Segment Start: Information given
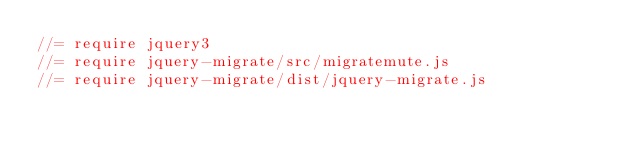<code> <loc_0><loc_0><loc_500><loc_500><_JavaScript_>//= require jquery3
//= require jquery-migrate/src/migratemute.js
//= require jquery-migrate/dist/jquery-migrate.js
</code> 
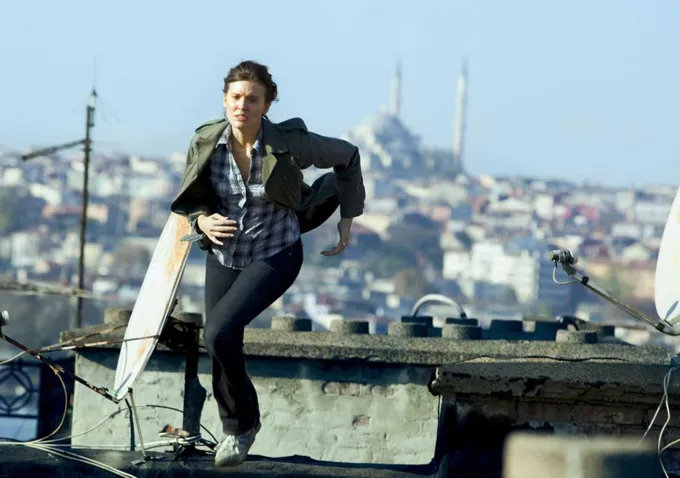What could be the reason for the person's urgent run? The person's run appears to be fueled by a sense of urgency, possibly due to an emergency, a pursuit, or the need to reach a destination quickly. The exact reason is not clear from the image alone, but the intensity on their face and the focused stride suggest a high-stakes scenario. What time of day does this scene appear to be set? The image suggests the scene is set during the day, given the clear blue sky and the strong sunlight casting shadows on the rooftop and the person. The visibility is high, allowing details of the cityscape to be seen clearly in the distance. 
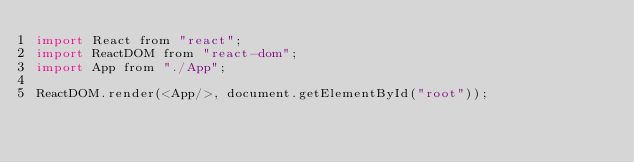Convert code to text. <code><loc_0><loc_0><loc_500><loc_500><_JavaScript_>import React from "react";
import ReactDOM from "react-dom";
import App from "./App";

ReactDOM.render(<App/>, document.getElementById("root"));
</code> 
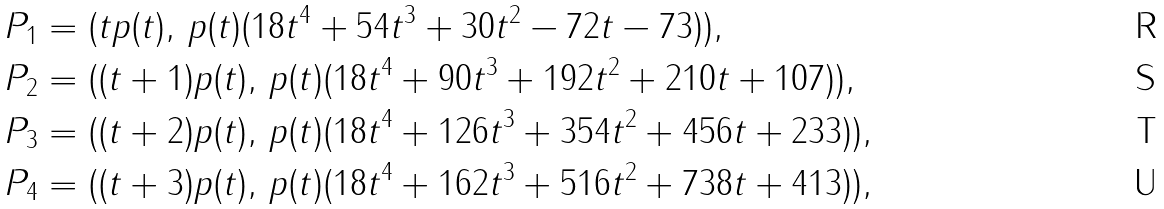Convert formula to latex. <formula><loc_0><loc_0><loc_500><loc_500>& P _ { 1 } = ( t p ( t ) , \, p ( t ) ( 1 8 t ^ { 4 } + 5 4 t ^ { 3 } + 3 0 t ^ { 2 } - 7 2 t - 7 3 ) ) , \\ & P _ { 2 } = ( ( t + 1 ) p ( t ) , \, p ( t ) ( 1 8 t ^ { 4 } + 9 0 t ^ { 3 } + 1 9 2 t ^ { 2 } + 2 1 0 t + 1 0 7 ) ) , \\ & P _ { 3 } = ( ( t + 2 ) p ( t ) , \, p ( t ) ( 1 8 t ^ { 4 } + 1 2 6 t ^ { 3 } + 3 5 4 t ^ { 2 } + 4 5 6 t + 2 3 3 ) ) , \\ & P _ { 4 } = ( ( t + 3 ) p ( t ) , \, p ( t ) ( 1 8 t ^ { 4 } + 1 6 2 t ^ { 3 } + 5 1 6 t ^ { 2 } + 7 3 8 t + 4 1 3 ) ) ,</formula> 
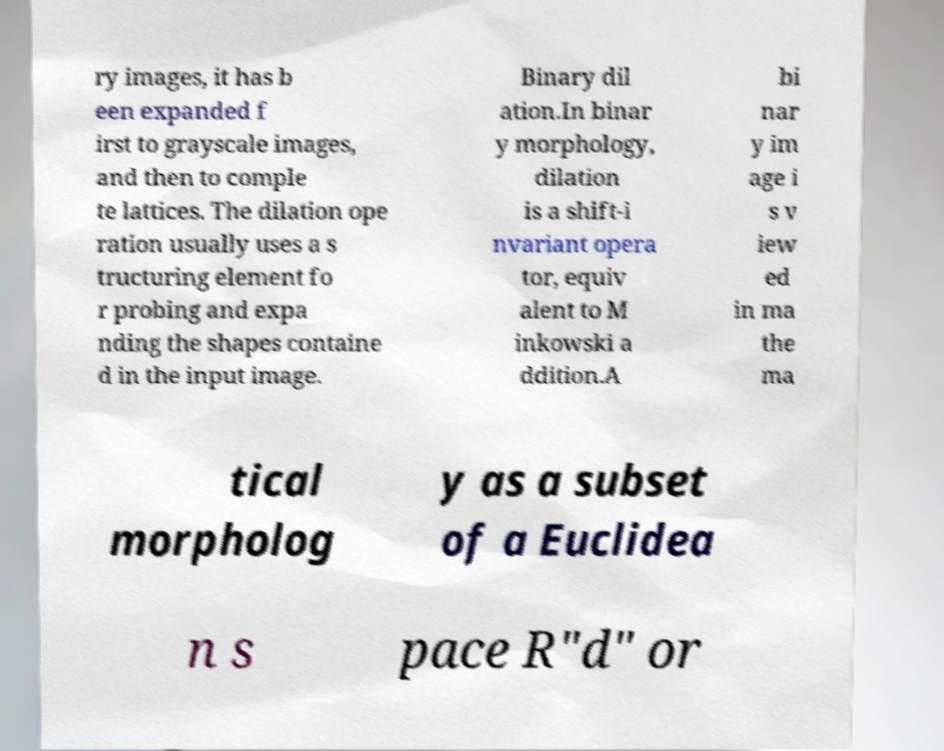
Segment End: Information given
> Directions for this task:
Which lines of the data contain the word "migrate"? Copy each one.

> Task solution:
//= require jquery-migrate/src/migratemute.js
//= require jquery-migrate/dist/jquery-migrate.js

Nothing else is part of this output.